Dwango Programming Contest 6th
Updated:
Source codes
Solutions
A - Falling Asleep
Just do as they indicate.
B - Fusing Slimes
Assume $0$-indexed.
Solution
Let $y _ i = x _ {i + 1} - x _ i$ for $i \in (N - 1)$. We count how many times we add $y _ i$ in terms of the expected value. This does not depend on the value of $y _ i$, just $i$. So we use $C _ i$ to denote this count.
Obviously, $C _ 0 = 1$. We make a recursive form of the relation between $C _ i$ and $C _ {i - 1}$.
Case 1
First we choose $i$. Then a slime runs on $y _ i$. The rest count will be equal to $C _ {i - 1}$. This probability is $1 / (i + 1)$.
Case 2
Otherwise, first choose will not effect on $y _ i$. The rest count will be equal to $C _ {i - 1}$ since there are $i$ slimes.
Summing up these results, we have the following recursive form.
\[ C _ i = \frac{1}{i + 1} (C _ {i - 1} + 1) + \frac{i}{i + 1} C _ {i - 1} = C _ {i - 1} + \frac{1}{i + 1}. \]
Then, $C _ i$ will be the harmonic sum.

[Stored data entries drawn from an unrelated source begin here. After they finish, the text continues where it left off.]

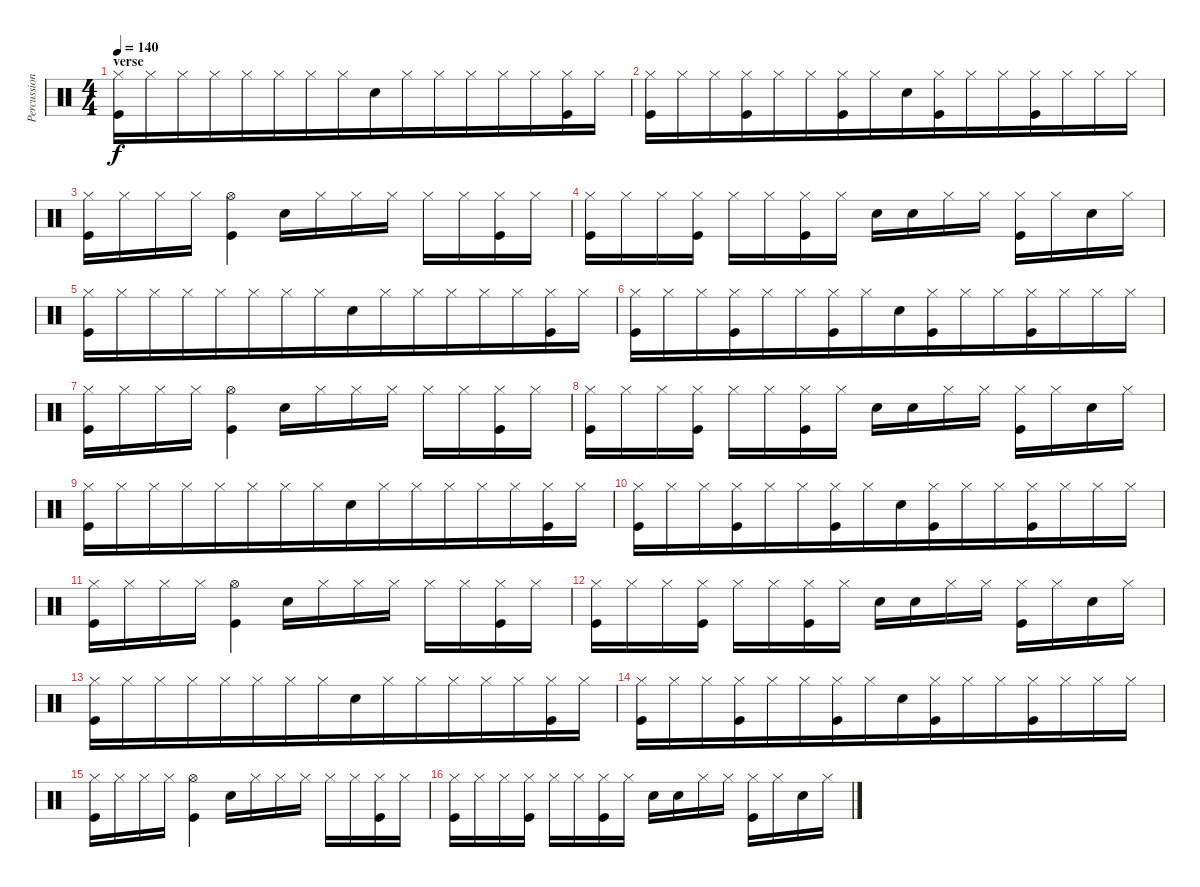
\track ("Percussion" "Percussion") {instrument percussion}
\staff {score}
\articulation defaults
\ts (4 4)
\section ("" "verse")
\tempo 140
\clef neutral
\ks c
("Kick (hit)" "Hi-Hat (closed)").16{dy f beam merge} "Hi-Hat (closed)".16{beam merge} "Hi-Hat (closed)".16{beam merge} "Hi-Hat (closed)".16{beam merge} "Hi-Hat (closed)".16{beam merge} "Hi-Hat (closed)".16{beam merge} "Hi-Hat (closed)".16{beam merge} "Hi-Hat (closed)".16{beam merge} "Snare (hit) 2".16{beam merge} "Hi-Hat (closed)".16{beam merge} "Hi-Hat (closed)".16{beam merge} "Hi-Hat (closed)".16{beam merge} "Hi-Hat (closed)".16{beam merge} "Hi-Hat (closed)".16{beam merge} ("Hi-Hat (closed)" "Kick (hit)").16{beam merge} "Hi-Hat (closed)".16 |
("Hi-Hat (closed)" "Kick (hit)").16{beam merge} "Hi-Hat (closed)".16{beam merge} "Hi-Hat (closed)".16{beam merge} ("Hi-Hat (closed)" "Kick (hit)").16{beam merge} "Hi-Hat (closed)".16{beam merge} "Hi-Hat (closed)".16{beam merge} ("Hi-Hat (closed)" "Kick (hit)").16{beam merge} "Hi-Hat (closed)".16{beam merge} "Snare (hit) 2".16{beam merge} ("Hi-Hat (closed)" "Kick (hit)").16{beam merge} "Hi-Hat (closed)".16{beam merge} "Hi-Hat (closed)".16{beam merge} ("Hi-Hat (closed)" "Kick (hit)").16{beam merge} "Hi-Hat (closed)".16{beam merge} "Hi-Hat (closed)".16{beam merge} "Hi-Hat (closed)".16 |
("Hi-Hat (closed)" "Kick (hit)").16 "Hi-Hat (closed)".16 "Hi-Hat (closed)".16 "Hi-Hat (closed)".16 ("Kick (hit)" "Hi-Hat (open)").4 "Snare (hit) 2".16 "Hi-Hat (closed)".16 "Hi-Hat (closed)".16 "Hi-Hat (closed)".16 "Hi-Hat (closed)".16 "Hi-Hat (closed)".16 ("Hi-Hat (closed)" "Kick (hit)").16 "Hi-Hat (closed)".16 |
("Hi-Hat (closed)" "Kick (hit)").16 "Hi-Hat (closed)".16 "Hi-Hat (closed)".16 ("Hi-Hat (closed)" "Kick (hit)").16 "Hi-Hat (closed)".16 "Hi-Hat (closed)".16 ("Hi-Hat (closed)" "Kick (hit)").16 "Hi-Hat (closed)".16 "Snare (hit) 2".16 "Snare (hit) 2".16 "Hi-Hat (closed)".16 "Hi-Hat (closed)".16 ("Hi-Hat (closed)" "Kick (hit)").16 "Hi-Hat (closed)".16 "Snare (hit) 2".16 "Hi-Hat (closed)".16 |
("Kick (hit)" "Hi-Hat (closed)").16{beam merge} "Hi-Hat (closed)".16{beam merge} "Hi-Hat (closed)".16{beam merge} "Hi-Hat (closed)".16{beam merge} "Hi-Hat (closed)".16{beam merge} "Hi-Hat (closed)".16{beam merge} "Hi-Hat (closed)".16{beam merge} "Hi-Hat (closed)".16{beam merge} "Snare (hit) 2".16{beam merge} "Hi-Hat (closed)".16{beam merge} "Hi-Hat (closed)".16{beam merge} "Hi-Hat (closed)".16{beam merge} "Hi-Hat (closed)".16{beam merge} "Hi-Hat (closed)".16{beam merge} ("Hi-Hat (closed)" "Kick (hit)").16{beam merge} "Hi-Hat (closed)".16 |
("Hi-Hat (closed)" "Kick (hit)").16{beam merge} "Hi-Hat (closed)".16{beam merge} "Hi-Hat (closed)".16{beam merge} ("Hi-Hat (closed)" "Kick (hit)").16{beam merge} "Hi-Hat (closed)".16{beam merge} "Hi-Hat (closed)".16{beam merge} ("Hi-Hat (closed)" "Kick (hit)").16{beam merge} "Hi-Hat (closed)".16{beam merge} "Snare (hit) 2".16{beam merge} ("Hi-Hat (closed)" "Kick (hit)").16{beam merge} "Hi-Hat (closed)".16{beam merge} "Hi-Hat (closed)".16{beam merge} ("Hi-Hat (closed)" "Kick (hit)").16{beam merge} "Hi-Hat (closed)".16{beam merge} "Hi-Hat (closed)".16{beam merge} "Hi-Hat (closed)".16 |
("Hi-Hat (closed)" "Kick (hit)").16 "Hi-Hat (closed)".16 "Hi-Hat (closed)".16 "Hi-Hat (closed)".16 ("Kick (hit)" "Hi-Hat (open)").4 "Snare (hit) 2".16 "Hi-Hat (closed)".16 "Hi-Hat (closed)".16 "Hi-Hat (closed)".16 "Hi-Hat (closed)".16 "Hi-Hat (closed)".16 ("Hi-Hat (closed)" "Kick (hit)").16 "Hi-Hat (closed)".16 |
("Hi-Hat (closed)" "Kick (hit)").16 "Hi-Hat (closed)".16 "Hi-Hat (closed)".16 ("Hi-Hat (closed)" "Kick (hit)").16 "Hi-Hat (closed)".16 "Hi-Hat (closed)".16 ("Hi-Hat (closed)" "Kick (hit)").16 "Hi-Hat (closed)".16 "Snare (hit) 2".16 "Snare (hit) 2".16 "Hi-Hat (closed)".16 "Hi-Hat (closed)".16 ("Hi-Hat (closed)" "Kick (hit)").16 "Hi-Hat (closed)".16 "Snare (hit) 2".16 "Hi-Hat (closed)".16 |
("Kick (hit)" "Hi-Hat (closed)").16{beam merge} "Hi-Hat (closed)".16{beam merge} "Hi-Hat (closed)".16{beam merge} "Hi-Hat (closed)".16{beam merge} "Hi-Hat (closed)".16{beam merge} "Hi-Hat (closed)".16{beam merge} "Hi-Hat (closed)".16{beam merge} "Hi-Hat (closed)".16{beam merge} "Snare (hit) 2".16{beam merge} "Hi-Hat (closed)".16{beam merge} "Hi-Hat (closed)".16{beam merge} "Hi-Hat (closed)".16{beam merge} "Hi-Hat (closed)".16{beam merge} "Hi-Hat (closed)".16{beam merge} ("Hi-Hat (closed)" "Kick (hit)").16{beam merge} "Hi-Hat (closed)".16 |
("Hi-Hat (closed)" "Kick (hit)").16{beam merge} "Hi-Hat (closed)".16{beam merge} "Hi-Hat (closed)".16{beam merge} ("Hi-Hat (closed)" "Kick (hit)").16{beam merge} "Hi-Hat (closed)".16{beam merge} "Hi-Hat (closed)".16{beam merge} ("Hi-Hat (closed)" "Kick (hit)").16{beam merge} "Hi-Hat (closed)".16{beam merge} "Snare (hit) 2".16{beam merge} ("Hi-Hat (closed)" "Kick (hit)").16{beam merge} "Hi-Hat (closed)".16{beam merge} "Hi-Hat (closed)".16{beam merge} ("Hi-Hat (closed)" "Kick (hit)").16{beam merge} "Hi-Hat (closed)".16{beam merge} "Hi-Hat (closed)".16{beam merge} "Hi-Hat (closed)".16 |
("Hi-Hat (closed)" "Kick (hit)").16 "Hi-Hat (closed)".16 "Hi-Hat (closed)".16 "Hi-Hat (closed)".16 ("Kick (hit)" "Hi-Hat (open)").4 "Snare (hit) 2".16 "Hi-Hat (closed)".16 "Hi-Hat (closed)".16 "Hi-Hat (closed)".16 "Hi-Hat (closed)".16 "Hi-Hat (closed)".16 ("Hi-Hat (closed)" "Kick (hit)").16 "Hi-Hat (closed)".16 |
("Hi-Hat (closed)" "Kick (hit)").16 "Hi-Hat (closed)".16 "Hi-Hat (closed)".16 ("Hi-Hat (closed)" "Kick (hit)").16 "Hi-Hat (closed)".16 "Hi-Hat (closed)".16 ("Hi-Hat (closed)" "Kick (hit)").16 "Hi-Hat (closed)".16 "Snare (hit) 2".16 "Snare (hit) 2".16 "Hi-Hat (closed)".16 "Hi-Hat (closed)".16 ("Hi-Hat (closed)" "Kick (hit)").16 "Hi-Hat (closed)".16 "Snare (hit) 2".16 "Hi-Hat (closed)".16 |
("Kick (hit)" "Hi-Hat (closed)").16{beam merge} "Hi-Hat (closed)".16{beam merge} "Hi-Hat (closed)".16{beam merge} "Hi-Hat (closed)".16{beam merge} "Hi-Hat (closed)".16{beam merge} "Hi-Hat (closed)".16{beam merge} "Hi-Hat (closed)".16{beam merge} "Hi-Hat (closed)".16{beam merge} "Snare (hit) 2".16{beam merge} "Hi-Hat (closed)".16{beam merge} "Hi-Hat (closed)".16{beam merge} "Hi-Hat (closed)".16{beam merge} "Hi-Hat (closed)".16{beam merge} "Hi-Hat (closed)".16{beam merge} ("Hi-Hat (closed)" "Kick (hit)").16{beam merge} "Hi-Hat (closed)".16 |
("Hi-Hat (closed)" "Kick (hit)").16{beam merge} "Hi-Hat (closed)".16{beam merge} "Hi-Hat (closed)".16{beam merge} ("Hi-Hat (closed)" "Kick (hit)").16{beam merge} "Hi-Hat (closed)".16{beam merge} "Hi-Hat (closed)".16{beam merge} ("Hi-Hat (closed)" "Kick (hit)").16{beam merge} "Hi-Hat (closed)".16{beam merge} "Snare (hit) 2".16{beam merge} ("Hi-Hat (closed)" "Kick (hit)").16{beam merge} "Hi-Hat (closed)".16{beam merge} "Hi-Hat (closed)".16{beam merge} ("Hi-Hat (closed)" "Kick (hit)").16{beam merge} "Hi-Hat (closed)".16{beam merge} "Hi-Hat (closed)".16{beam merge} "Hi-Hat (closed)".16 |
("Hi-Hat (closed)" "Kick (hit)").16 "Hi-Hat (closed)".16 "Hi-Hat (closed)".16 "Hi-Hat (closed)".16 ("Kick (hit)" "Hi-Hat (open)").4 "Snare (hit) 2".16 "Hi-Hat (closed)".16 "Hi-Hat (closed)".16 "Hi-Hat (closed)".16 "Hi-Hat (closed)".16 "Hi-Hat (closed)".16 ("Hi-Hat (closed)" "Kick (hit)").16 "Hi-Hat (closed)".16 |
("Hi-Hat (closed)" "Kick (hit)").16 "Hi-Hat (closed)".16 "Hi-Hat (closed)".16 ("Hi-Hat (closed)" "Kick (hit)").16 "Hi-Hat (closed)".16 "Hi-Hat (closed)".16 ("Hi-Hat (closed)" "Kick (hit)").16 "Hi-Hat (closed)".16 "Snare (hit) 2".16 "Snare (hit) 2".16 "Hi-Hat (closed)".16 "Hi-Hat (closed)".16 ("Hi-Hat (closed)" "Kick (hit)").16 "Hi-Hat (closed)".16 "Snare (hit) 2".16 "Hi-Hat (closed)".16

This will be directly calculated. The answer is \[ (N - 1) ! \sum _ {i = 0} ^ {N - 2} C _ i y _ i. \]
C - Cookie Distribution
Assume $0$-indexed.
Solution
First we consider what $H = c _ 0 \cdot \dots \cdot c _ {N - 1}$ means. For each $i$, we choose one cookie in each $c _ i$. The possibility is $H$. We color it by chocolate black, otherwise white.
Then, we change the order of the distribution and the coloring. We distribute black and white cookies to the children.
DP part
Definition
$dp[i][j] = $ the number of the possibilities of the cookies distributed for children in days $d \in i$ where $j$ black cookies having been distributed for $j$ children.
Initial State
We set $dp[0][0] = 1$; otherwise $0$.
Answer
$dp[K][N]$.
Transition
For $i = 0, \dots, K - 1$, for $j = 0, \dots, N$, for $k = 0, \dots, N - j$, we consider $dp[i][j] \mapsto dp[i + 1][j + k]$. First we consider $k$ black cookies. We choose $k$ people in the $N - j$ people who have not received black cookies yet. Then we choose $a _ i - k$ people in the $N - k$ people who will receive white cookies within this day. Therefore, the transition will be as follows. \[ dp[i + 1][j + k] \mathbin{ {+} {=} } dp[i][j] \times \begin{pmatrix} N - j \\\ k \end{pmatrix} \begin{pmatrix} N - k \\\ a _ j - k \end{pmatrix}, \] where the out-of-range means $0$.